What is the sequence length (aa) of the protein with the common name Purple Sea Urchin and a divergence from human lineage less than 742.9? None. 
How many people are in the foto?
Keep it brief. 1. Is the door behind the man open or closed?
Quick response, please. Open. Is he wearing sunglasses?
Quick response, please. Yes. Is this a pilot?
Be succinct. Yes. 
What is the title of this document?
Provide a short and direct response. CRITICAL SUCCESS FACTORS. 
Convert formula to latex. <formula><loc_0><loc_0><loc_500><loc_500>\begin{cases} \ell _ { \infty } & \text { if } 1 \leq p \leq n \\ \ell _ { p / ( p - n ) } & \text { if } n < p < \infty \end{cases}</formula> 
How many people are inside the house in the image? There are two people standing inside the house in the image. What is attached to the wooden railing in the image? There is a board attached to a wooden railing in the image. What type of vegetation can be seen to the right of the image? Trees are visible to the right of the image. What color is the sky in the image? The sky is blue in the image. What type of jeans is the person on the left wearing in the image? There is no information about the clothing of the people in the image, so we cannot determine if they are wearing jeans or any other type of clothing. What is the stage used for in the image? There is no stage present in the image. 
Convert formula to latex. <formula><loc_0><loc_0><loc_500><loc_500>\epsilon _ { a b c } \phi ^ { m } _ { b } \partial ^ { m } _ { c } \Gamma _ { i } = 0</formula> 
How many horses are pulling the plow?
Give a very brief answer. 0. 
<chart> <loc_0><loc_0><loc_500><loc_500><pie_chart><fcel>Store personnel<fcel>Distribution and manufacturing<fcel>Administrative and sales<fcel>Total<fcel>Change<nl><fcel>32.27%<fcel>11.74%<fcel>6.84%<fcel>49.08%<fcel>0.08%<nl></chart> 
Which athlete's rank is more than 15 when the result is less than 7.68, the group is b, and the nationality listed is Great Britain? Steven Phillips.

▶ [WHAT THIS TASK INVOLVES]: Restate the data word for word. Begin at its first line, end at the line that contains "1 \leq p \leq", and include both.

▶ [YOUR RESPONSE]:
What is the sequence length (aa) of the protein with the common name Purple Sea Urchin and a divergence from human lineage less than 742.9? None. 
How many people are in the foto?
Keep it brief. 1. Is the door behind the man open or closed?
Quick response, please. Open. Is he wearing sunglasses?
Quick response, please. Yes. Is this a pilot?
Be succinct. Yes. 
What is the title of this document?
Provide a short and direct response. CRITICAL SUCCESS FACTORS. 
Convert formula to latex. <formula><loc_0><loc_0><loc_500><loc_500>\begin{cases} \ell _ { \infty } & \text { if } 1 \leq p \leq n \\ \ell _ { p / ( p - n ) } & \text { if } n < p < \infty \end{cases}</formula> 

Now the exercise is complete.